Street: How do you consolidate what you like and what you think an audience will enjoy?

TL: I stick to my taste and what inspires me. That is really regardless of genre. I was making a joke earlier today about when I first moved to L.A. You are a 22–year–old kid and your experience is basically everything before 22 years. You come out to L.A., and you want to make movies and you think, “you know what would be a great idea for a TV show, four guys who move to L.A. and live in a house and they all want to be in the movie business.” Well, that’s your experience, that's what you know up to that point, but maybe not everyone else will want that. My taste has evolved, certainly. But again whether it's a comedy, drama, action, I am always looking for character at the center of it. I will always sacrifice plot moves for emotion and character. Stronger is really a character journey. The plot to me was always secondary to the authenticity of this guy’s real inner workings and emotional experience of going through this trauma.

Street: How do you deal with portraying such a specific and horrific historical moment like the Boston Marathon bombing?

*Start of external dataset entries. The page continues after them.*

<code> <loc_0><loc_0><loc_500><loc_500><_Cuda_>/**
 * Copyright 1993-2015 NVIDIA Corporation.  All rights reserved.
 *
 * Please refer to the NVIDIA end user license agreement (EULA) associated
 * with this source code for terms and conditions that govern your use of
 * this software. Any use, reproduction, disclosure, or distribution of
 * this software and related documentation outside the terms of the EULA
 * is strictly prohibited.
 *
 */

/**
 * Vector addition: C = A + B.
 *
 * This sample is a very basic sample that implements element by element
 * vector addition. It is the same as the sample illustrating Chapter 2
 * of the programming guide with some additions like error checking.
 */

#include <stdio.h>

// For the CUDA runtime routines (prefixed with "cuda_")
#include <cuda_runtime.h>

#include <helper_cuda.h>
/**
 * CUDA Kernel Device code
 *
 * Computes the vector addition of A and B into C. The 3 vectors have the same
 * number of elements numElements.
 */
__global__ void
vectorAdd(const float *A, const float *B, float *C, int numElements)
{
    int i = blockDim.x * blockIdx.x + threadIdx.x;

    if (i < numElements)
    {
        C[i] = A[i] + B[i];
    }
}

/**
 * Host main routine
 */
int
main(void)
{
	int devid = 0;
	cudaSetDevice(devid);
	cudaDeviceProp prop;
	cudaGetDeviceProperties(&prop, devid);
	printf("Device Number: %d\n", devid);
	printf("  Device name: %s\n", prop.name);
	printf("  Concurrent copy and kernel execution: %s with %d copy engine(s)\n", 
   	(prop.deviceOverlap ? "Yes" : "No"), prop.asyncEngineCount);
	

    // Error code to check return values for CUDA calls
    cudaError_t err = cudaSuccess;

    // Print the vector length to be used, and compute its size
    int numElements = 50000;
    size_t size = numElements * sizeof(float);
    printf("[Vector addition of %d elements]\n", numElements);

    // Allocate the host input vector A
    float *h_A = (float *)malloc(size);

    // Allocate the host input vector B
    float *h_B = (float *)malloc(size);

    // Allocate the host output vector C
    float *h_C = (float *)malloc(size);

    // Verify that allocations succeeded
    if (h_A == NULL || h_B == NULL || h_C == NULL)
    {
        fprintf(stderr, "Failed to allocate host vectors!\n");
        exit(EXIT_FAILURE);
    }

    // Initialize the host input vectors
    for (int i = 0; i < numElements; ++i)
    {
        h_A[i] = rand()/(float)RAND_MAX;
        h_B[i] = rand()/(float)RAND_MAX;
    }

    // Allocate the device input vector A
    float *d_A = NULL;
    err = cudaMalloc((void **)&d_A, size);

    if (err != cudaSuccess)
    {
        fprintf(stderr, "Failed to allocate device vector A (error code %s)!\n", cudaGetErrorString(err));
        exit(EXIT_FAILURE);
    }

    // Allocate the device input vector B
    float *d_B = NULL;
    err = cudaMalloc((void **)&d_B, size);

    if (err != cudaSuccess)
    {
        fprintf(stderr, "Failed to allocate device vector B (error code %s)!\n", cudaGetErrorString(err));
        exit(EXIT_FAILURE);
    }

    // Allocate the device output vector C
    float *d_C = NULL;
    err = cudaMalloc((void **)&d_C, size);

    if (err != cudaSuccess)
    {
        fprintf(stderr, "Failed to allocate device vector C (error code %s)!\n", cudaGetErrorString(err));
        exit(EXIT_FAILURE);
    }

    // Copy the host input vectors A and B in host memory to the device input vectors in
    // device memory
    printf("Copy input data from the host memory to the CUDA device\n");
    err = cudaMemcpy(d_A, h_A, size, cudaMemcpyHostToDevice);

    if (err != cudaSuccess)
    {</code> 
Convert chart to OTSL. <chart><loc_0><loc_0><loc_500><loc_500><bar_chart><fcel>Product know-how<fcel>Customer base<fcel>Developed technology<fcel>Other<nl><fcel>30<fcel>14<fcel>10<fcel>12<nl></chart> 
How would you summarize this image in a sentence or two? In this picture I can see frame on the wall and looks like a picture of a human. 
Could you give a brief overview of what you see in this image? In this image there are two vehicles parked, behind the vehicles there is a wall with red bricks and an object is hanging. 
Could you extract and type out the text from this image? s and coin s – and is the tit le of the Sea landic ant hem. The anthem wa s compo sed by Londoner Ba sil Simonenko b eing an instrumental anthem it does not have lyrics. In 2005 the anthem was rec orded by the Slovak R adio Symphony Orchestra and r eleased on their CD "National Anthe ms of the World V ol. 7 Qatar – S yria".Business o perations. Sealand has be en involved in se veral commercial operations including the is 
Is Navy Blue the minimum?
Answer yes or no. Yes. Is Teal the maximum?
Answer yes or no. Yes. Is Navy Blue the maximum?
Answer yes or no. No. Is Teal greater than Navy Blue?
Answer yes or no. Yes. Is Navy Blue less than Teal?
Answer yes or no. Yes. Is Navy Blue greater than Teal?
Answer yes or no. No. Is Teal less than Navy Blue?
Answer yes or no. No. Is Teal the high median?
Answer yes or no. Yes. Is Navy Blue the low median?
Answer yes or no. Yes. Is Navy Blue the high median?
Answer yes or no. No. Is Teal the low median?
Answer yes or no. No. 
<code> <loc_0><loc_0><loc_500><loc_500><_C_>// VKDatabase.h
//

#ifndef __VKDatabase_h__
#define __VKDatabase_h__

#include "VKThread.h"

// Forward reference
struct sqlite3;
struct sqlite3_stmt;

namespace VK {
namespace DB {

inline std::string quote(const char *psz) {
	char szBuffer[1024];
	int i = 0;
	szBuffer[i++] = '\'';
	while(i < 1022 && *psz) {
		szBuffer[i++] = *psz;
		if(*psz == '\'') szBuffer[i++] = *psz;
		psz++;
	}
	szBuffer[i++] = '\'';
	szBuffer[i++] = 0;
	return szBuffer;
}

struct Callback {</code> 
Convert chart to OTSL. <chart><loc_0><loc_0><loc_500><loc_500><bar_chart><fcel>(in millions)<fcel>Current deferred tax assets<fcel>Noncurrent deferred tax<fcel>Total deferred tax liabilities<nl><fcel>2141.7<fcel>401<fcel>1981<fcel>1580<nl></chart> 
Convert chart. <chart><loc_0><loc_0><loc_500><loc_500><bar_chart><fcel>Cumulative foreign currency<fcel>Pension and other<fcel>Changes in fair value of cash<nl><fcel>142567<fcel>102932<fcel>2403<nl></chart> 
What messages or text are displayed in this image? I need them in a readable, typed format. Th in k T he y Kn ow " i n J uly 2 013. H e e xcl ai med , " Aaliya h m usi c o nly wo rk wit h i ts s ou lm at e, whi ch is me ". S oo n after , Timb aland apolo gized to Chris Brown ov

TL: Obviously it is a very sensitive subject. It was very important to me from the very beginning to make sure that the real people, Jeff, his family and also the city of Boston itself were comfortable with the idea of even making a movie and then making a movie in such a way where it portrayed the realism of all the struggles that this particular gentleman went through. I sat with Boston Mayor Marty Walsh, I sat with the head of the Boston Athletics Association who runs the marathon, I sat with high level city officials, hung out and spent an extraordinary amount of time with Jeff and his family. I basically [told them] my intention for the film. I [told them] that I want[ed] to make a movie about uplift and show to other people how going through pain, which we all experience in one way or another and your’s is extraordinary, how you are able to push through that and get to the other side and find the light. It was essential to me that we shoot it in Boston and we hire locals and real people. That was first and foremost. The second part of it was that the film had always been from the very beginning about a family. The event was the launching pad in a way for a family in struggle. At some point every one of us will deal or has dealt with some kind of pain, some kind of tragedy. There is bad stuff that happens and we can’t control that, but what we can control is the way we deal with it. This movie has always been about that to me, less so about the specific event that happened and more the aftermath of how one deals with it.